I'm running an web application hosting service (basically hosting forums for free), and I have two remote servers at my disposal. The code for the application is stored on both servers and isn't a problem, but I'm wondering how to deal with the databases.
When someone goes onto a site *.example-host.com, they are sent to one of the two servers and both must be capable of loading the forums from a database. The database must also have write access, for when new members register or post topics etc.
The main requirement is speed, but uptime is also important (if a server goes out, the site should still work).
I have a few options, but I'm inexperienced and not sure which to go with:
1) [PHP] Split the forum records 50:50 between the two servers. If a server does not have the record for a forum requested, it can request it from the other by remote MySQL and load it. This idea sounded okay, until I realised that 50% of the time, users would be waiting significantly longer for pages to load. I also realised that if one of the servers went down, half the forums would be inaccessible and registrations would have to be disabled.
2) [MySQL] Dual master replication. This would attempt to mirror the two databases and sounds perfect, but I've heard that it can be very problematic. I don't know how fast this is.
3) [MySQL] Use a standard replication, distribute read only queries on both nodes and read/write queries to the master. This sounds like a good option, but again, I'm not sure on speed. I also don't know what would happen if the master server went down.
If you have any other suggestions, please post them :)
Solution 1 is close to sharding but the entire architecture needs to be considered and designed to accomplish that in the best manner. Sharding typically comes up with large scale installations pushing limits of the technology platforms.

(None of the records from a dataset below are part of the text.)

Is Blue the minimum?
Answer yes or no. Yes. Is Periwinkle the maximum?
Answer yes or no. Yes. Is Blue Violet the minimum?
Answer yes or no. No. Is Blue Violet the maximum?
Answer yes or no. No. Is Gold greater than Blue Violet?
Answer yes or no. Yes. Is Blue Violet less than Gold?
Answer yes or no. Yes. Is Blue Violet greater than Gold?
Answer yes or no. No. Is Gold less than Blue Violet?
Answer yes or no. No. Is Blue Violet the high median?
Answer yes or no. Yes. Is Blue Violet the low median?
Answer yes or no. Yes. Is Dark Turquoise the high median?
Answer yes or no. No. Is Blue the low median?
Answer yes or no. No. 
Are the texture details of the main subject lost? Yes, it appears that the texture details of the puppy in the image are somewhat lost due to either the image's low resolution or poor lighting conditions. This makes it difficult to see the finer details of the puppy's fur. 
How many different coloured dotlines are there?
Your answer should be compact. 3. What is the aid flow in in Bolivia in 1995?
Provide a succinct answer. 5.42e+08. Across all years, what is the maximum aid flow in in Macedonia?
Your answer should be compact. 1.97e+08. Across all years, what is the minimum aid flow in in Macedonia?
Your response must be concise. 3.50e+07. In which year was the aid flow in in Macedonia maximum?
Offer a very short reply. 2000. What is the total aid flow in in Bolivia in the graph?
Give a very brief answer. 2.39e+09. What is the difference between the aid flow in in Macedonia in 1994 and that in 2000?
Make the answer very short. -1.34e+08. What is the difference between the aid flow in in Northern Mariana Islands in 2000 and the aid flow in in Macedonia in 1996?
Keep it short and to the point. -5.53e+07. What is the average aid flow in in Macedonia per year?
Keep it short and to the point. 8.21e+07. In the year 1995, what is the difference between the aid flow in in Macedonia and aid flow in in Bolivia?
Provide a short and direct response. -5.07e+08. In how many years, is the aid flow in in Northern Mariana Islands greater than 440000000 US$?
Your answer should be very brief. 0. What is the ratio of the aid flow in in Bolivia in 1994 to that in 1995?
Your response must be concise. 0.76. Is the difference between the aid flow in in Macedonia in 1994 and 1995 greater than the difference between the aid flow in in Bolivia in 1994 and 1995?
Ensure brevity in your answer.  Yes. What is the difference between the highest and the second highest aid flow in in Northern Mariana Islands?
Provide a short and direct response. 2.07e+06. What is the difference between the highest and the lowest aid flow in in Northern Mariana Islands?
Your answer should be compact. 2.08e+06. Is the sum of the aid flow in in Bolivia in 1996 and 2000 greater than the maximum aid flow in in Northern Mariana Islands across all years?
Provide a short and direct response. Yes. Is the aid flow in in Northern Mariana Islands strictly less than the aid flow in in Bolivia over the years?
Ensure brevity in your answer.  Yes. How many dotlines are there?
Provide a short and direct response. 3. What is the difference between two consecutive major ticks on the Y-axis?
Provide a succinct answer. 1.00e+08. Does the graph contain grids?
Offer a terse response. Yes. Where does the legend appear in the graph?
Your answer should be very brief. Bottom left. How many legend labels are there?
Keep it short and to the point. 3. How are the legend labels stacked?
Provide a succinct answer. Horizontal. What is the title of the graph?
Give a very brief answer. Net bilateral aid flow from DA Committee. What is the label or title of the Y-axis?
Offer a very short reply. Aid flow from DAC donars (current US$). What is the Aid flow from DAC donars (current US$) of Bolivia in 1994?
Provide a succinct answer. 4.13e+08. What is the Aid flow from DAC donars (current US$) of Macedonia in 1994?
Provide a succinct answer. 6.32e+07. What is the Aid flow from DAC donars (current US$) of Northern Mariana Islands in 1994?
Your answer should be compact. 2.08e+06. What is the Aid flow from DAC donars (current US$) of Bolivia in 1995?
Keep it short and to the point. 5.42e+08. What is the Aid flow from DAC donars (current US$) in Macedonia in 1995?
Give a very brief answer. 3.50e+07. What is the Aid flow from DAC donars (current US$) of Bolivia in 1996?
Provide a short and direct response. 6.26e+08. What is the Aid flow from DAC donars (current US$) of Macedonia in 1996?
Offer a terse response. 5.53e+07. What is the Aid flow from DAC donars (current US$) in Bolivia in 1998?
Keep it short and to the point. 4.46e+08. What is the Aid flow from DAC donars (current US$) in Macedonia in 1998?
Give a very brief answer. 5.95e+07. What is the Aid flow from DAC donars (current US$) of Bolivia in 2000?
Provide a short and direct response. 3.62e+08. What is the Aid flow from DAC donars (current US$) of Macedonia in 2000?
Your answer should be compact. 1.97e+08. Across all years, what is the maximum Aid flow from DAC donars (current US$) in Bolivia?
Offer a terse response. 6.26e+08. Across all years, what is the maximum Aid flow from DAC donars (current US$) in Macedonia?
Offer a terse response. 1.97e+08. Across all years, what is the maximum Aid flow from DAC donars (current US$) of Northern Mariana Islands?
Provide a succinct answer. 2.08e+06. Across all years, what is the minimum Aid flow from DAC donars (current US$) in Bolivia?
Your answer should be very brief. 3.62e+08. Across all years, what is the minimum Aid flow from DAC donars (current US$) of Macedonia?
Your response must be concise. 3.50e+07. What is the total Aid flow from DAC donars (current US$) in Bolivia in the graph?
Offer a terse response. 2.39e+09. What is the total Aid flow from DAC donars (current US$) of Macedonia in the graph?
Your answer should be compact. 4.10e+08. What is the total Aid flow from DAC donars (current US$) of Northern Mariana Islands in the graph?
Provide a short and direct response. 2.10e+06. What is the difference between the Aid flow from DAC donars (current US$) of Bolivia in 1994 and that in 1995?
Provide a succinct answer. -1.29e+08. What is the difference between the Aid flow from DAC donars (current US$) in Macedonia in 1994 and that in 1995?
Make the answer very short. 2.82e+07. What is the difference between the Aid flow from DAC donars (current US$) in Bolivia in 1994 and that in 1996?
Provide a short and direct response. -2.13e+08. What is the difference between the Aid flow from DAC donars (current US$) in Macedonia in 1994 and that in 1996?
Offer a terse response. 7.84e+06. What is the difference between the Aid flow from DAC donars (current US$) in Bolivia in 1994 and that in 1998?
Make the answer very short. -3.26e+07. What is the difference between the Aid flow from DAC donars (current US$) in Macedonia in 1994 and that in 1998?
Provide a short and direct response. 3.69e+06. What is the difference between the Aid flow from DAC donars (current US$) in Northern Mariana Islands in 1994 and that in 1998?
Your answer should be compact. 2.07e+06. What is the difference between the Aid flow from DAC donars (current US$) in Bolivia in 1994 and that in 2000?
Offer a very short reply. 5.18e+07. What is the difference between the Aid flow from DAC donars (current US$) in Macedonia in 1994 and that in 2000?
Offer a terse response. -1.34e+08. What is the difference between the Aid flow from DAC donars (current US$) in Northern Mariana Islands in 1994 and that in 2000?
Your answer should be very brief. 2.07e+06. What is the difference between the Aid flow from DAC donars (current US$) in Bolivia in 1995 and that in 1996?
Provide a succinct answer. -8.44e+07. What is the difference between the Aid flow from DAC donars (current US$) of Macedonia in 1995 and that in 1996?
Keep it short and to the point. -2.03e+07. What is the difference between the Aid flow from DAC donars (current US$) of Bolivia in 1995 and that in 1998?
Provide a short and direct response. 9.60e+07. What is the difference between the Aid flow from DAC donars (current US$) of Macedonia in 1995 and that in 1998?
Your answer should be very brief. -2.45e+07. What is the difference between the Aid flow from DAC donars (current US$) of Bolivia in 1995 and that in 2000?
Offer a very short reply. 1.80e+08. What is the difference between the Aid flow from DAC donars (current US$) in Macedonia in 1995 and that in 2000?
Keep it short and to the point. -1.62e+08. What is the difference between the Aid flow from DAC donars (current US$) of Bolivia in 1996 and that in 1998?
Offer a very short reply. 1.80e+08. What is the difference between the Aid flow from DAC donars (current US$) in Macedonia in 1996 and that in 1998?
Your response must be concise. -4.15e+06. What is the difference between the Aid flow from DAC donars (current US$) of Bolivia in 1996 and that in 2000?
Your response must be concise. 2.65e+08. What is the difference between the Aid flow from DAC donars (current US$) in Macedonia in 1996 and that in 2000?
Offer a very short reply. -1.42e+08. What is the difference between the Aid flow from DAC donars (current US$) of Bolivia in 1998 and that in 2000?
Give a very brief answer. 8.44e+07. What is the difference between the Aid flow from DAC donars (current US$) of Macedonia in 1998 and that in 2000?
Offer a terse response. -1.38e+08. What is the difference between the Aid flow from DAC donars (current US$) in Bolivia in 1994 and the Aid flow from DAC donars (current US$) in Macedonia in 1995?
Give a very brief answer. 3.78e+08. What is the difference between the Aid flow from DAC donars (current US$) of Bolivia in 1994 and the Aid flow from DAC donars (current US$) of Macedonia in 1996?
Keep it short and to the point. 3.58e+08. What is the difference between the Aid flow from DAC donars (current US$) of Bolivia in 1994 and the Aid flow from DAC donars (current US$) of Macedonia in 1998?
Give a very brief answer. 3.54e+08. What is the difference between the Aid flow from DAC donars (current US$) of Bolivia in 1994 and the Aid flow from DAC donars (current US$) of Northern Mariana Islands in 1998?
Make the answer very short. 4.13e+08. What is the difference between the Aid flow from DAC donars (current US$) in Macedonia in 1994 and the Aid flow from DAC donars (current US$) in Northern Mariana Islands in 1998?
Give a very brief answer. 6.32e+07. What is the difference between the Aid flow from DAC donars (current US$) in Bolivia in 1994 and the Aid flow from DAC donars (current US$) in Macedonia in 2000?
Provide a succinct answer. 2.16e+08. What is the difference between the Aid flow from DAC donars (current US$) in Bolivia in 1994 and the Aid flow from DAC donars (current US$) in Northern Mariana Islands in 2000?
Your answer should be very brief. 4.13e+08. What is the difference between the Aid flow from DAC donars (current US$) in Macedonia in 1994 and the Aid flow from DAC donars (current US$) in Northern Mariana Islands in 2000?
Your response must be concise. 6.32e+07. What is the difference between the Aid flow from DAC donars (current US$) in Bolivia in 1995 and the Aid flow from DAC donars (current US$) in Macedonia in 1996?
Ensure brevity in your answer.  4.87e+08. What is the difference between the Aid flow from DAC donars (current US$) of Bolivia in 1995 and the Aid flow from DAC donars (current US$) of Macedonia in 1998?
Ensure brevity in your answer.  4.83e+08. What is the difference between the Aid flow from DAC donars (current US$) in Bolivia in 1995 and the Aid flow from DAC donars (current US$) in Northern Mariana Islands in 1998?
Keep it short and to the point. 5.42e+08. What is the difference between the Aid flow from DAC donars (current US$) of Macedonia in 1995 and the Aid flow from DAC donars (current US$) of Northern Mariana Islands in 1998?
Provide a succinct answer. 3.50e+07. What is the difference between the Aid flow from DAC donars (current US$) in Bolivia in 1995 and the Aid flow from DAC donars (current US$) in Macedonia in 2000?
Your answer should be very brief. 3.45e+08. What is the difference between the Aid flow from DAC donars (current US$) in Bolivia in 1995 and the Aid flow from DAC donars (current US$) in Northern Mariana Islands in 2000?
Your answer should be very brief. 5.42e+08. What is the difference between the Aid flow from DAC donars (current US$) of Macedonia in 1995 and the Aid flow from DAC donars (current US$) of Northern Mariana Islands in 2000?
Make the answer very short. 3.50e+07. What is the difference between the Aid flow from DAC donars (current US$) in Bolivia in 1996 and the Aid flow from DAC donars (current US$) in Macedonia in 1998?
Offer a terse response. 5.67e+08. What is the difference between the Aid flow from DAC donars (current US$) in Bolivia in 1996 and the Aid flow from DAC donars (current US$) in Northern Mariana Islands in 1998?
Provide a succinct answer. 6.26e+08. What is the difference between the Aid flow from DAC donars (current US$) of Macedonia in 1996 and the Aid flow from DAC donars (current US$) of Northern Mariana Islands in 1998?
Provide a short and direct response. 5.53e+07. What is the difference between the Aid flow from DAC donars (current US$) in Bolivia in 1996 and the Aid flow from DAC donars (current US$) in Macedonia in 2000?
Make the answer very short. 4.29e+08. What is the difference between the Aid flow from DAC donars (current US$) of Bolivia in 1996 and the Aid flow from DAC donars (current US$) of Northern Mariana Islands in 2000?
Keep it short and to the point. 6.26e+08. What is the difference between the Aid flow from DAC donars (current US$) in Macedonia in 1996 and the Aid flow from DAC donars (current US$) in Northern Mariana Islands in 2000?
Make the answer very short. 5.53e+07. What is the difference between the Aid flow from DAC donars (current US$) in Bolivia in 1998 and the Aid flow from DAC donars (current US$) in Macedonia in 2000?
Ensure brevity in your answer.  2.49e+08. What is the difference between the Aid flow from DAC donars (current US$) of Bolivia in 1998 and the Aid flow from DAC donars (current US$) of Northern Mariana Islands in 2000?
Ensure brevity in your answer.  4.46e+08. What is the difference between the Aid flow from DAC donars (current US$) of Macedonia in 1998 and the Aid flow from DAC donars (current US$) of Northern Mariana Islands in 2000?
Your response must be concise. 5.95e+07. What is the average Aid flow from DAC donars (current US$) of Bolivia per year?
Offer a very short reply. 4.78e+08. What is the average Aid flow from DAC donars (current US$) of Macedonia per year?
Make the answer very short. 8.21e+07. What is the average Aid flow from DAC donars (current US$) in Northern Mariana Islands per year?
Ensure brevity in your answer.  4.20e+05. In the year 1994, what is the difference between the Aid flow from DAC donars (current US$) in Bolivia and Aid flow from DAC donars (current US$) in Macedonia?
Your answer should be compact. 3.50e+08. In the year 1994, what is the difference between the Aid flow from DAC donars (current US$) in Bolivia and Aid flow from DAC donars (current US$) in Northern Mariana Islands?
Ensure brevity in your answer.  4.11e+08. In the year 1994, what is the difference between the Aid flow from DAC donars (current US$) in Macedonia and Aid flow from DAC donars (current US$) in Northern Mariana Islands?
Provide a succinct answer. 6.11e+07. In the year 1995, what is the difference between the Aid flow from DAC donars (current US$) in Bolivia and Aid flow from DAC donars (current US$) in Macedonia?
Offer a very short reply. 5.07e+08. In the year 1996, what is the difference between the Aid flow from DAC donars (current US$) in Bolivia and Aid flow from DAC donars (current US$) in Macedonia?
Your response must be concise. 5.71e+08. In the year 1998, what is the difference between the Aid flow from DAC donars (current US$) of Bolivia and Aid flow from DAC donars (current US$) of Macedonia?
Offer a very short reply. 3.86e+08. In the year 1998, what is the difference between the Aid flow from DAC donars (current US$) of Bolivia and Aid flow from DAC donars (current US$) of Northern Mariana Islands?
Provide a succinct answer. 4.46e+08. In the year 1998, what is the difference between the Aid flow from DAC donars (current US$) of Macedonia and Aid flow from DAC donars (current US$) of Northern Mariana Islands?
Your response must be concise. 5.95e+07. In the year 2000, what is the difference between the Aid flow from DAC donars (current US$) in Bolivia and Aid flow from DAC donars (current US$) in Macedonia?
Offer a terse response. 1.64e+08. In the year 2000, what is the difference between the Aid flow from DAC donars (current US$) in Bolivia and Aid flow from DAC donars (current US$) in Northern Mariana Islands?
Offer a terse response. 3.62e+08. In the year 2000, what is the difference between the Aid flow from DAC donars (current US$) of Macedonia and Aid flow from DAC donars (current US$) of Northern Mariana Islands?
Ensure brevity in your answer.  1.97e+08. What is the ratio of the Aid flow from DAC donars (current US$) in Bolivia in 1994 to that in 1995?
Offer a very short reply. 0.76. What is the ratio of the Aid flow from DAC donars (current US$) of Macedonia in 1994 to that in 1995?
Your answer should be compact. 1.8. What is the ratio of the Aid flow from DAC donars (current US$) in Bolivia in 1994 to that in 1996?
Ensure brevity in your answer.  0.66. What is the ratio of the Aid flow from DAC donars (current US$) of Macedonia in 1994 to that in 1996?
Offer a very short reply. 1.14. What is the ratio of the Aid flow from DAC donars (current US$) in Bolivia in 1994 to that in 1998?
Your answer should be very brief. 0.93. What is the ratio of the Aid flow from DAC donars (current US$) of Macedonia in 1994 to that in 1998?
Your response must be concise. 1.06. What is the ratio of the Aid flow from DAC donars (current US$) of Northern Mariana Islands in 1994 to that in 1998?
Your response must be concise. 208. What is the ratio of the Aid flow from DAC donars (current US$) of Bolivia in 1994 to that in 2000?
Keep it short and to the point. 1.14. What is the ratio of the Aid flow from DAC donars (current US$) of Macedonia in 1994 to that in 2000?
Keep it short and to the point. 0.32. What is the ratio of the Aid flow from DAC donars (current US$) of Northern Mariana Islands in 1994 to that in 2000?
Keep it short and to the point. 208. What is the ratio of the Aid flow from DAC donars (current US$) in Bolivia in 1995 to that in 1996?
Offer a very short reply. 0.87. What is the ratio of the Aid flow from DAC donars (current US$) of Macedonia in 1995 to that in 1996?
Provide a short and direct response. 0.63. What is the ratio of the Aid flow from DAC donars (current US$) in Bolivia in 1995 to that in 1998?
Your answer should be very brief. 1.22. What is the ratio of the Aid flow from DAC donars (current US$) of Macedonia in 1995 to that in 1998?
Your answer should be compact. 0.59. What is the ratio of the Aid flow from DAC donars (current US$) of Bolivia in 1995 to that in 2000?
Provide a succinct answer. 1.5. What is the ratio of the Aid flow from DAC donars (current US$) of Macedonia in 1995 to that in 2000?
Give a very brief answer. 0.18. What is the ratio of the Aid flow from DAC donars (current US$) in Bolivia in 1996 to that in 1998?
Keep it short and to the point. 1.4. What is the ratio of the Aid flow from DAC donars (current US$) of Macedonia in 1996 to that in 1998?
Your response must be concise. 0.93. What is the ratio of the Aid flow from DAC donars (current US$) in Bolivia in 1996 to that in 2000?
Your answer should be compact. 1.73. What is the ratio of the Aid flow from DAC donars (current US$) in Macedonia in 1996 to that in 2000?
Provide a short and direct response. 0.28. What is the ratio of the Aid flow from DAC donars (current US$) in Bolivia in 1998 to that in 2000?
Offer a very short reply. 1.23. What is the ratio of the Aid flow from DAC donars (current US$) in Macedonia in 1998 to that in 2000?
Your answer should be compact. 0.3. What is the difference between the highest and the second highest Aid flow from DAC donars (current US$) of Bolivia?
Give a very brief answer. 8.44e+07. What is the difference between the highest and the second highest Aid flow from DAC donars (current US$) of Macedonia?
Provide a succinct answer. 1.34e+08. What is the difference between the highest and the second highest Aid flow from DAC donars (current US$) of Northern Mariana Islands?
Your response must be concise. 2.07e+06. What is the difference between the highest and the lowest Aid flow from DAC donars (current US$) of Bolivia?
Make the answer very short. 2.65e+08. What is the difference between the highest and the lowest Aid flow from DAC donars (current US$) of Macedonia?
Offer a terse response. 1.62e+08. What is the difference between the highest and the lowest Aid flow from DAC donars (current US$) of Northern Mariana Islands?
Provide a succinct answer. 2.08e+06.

Solution 2 or dual master replication would be applicable but as your links are physically separate it would be risky to have the application dynamically point to either database. You would want to pick one database and if the database failed, manually repoint the application to the new database. Automatic failover of the application introduces the risk of split brain. You could take nightly snapshots of the secondary databases for backups.
As described in solution 3, replication is often used to distribute the readonly load to different database servers. It also lets you use different engines and configurations for the read queries. For example, MyISAM can be quicker for readonly queries.
Replication is typically only subject to the physical hardware limitations be it network or system resources. Unless you are storing binary data in the database on a large scale, I would not worry about replication delays under normal load.
Being as that your main requirement is speed, I would first focus on the local system configuration and resources. Chances are substantial optimizations can be made there.
Automatic high availability solutions are typically best localized to a single physical environment and in case of extreme failure manual solutions can be applied to enable the physically separate site.
I'm generalizing based on a LAMP stack and focusing on Web applications. Different applications, protocols, and technologies change thing a bit but in regards to Web servers and databases what I describe is more generally applicable.